◆ YOUR GOAL: When you reach the line containing "<connections>" in the entries below, begin reproducing lines exactly, and stop once the line containing "</navigationController>" is done.

◆ SOURCE INFORMATION:
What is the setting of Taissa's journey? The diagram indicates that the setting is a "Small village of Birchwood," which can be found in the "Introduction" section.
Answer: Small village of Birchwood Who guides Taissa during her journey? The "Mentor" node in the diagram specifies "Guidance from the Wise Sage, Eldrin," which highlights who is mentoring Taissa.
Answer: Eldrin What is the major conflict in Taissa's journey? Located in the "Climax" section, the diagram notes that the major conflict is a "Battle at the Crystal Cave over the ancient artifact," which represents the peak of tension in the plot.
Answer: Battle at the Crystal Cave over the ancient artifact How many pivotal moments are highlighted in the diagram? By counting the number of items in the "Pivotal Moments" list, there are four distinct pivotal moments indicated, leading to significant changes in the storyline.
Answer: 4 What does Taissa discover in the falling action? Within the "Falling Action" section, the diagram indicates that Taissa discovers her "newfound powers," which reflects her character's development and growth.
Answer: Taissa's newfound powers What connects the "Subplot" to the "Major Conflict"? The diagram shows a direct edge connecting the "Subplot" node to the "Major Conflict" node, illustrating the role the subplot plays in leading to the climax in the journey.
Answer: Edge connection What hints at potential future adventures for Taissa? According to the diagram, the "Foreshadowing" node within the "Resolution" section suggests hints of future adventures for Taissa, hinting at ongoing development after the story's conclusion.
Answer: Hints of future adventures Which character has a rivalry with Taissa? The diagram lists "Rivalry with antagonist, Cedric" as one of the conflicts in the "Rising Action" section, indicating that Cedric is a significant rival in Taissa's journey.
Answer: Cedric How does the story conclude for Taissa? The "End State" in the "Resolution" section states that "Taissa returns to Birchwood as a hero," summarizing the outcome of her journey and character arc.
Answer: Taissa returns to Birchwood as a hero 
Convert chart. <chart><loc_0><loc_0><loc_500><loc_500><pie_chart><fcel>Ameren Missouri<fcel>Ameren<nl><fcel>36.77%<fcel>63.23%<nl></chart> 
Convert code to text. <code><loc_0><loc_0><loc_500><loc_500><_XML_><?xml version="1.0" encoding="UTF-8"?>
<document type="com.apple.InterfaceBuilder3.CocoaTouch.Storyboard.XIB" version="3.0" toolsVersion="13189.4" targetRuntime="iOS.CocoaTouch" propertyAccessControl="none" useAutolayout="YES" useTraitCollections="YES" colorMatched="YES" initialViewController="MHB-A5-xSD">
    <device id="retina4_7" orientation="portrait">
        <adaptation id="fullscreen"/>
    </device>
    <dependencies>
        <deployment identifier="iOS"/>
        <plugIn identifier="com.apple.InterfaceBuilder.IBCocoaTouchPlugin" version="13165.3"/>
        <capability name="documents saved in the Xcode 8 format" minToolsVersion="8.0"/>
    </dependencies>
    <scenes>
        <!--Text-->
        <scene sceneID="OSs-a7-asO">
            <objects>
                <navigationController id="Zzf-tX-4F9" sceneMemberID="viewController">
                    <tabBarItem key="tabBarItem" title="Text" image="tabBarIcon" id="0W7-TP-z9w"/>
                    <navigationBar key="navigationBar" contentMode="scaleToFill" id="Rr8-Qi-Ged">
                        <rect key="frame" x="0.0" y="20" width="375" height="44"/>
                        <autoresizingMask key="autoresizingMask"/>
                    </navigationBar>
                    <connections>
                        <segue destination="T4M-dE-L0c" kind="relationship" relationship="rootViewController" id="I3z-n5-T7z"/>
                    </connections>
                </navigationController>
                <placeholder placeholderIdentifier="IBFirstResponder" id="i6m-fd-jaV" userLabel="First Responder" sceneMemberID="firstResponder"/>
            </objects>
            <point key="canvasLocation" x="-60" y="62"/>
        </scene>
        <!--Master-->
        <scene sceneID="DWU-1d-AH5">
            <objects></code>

◆ FINAL ANSWER:
                    <connections>
                        <segue destination="T4M-dE-L0c" kind="relationship" relationship="rootViewController" id="I3z-n5-T7z"/>
                    </connections>
                </navigationController>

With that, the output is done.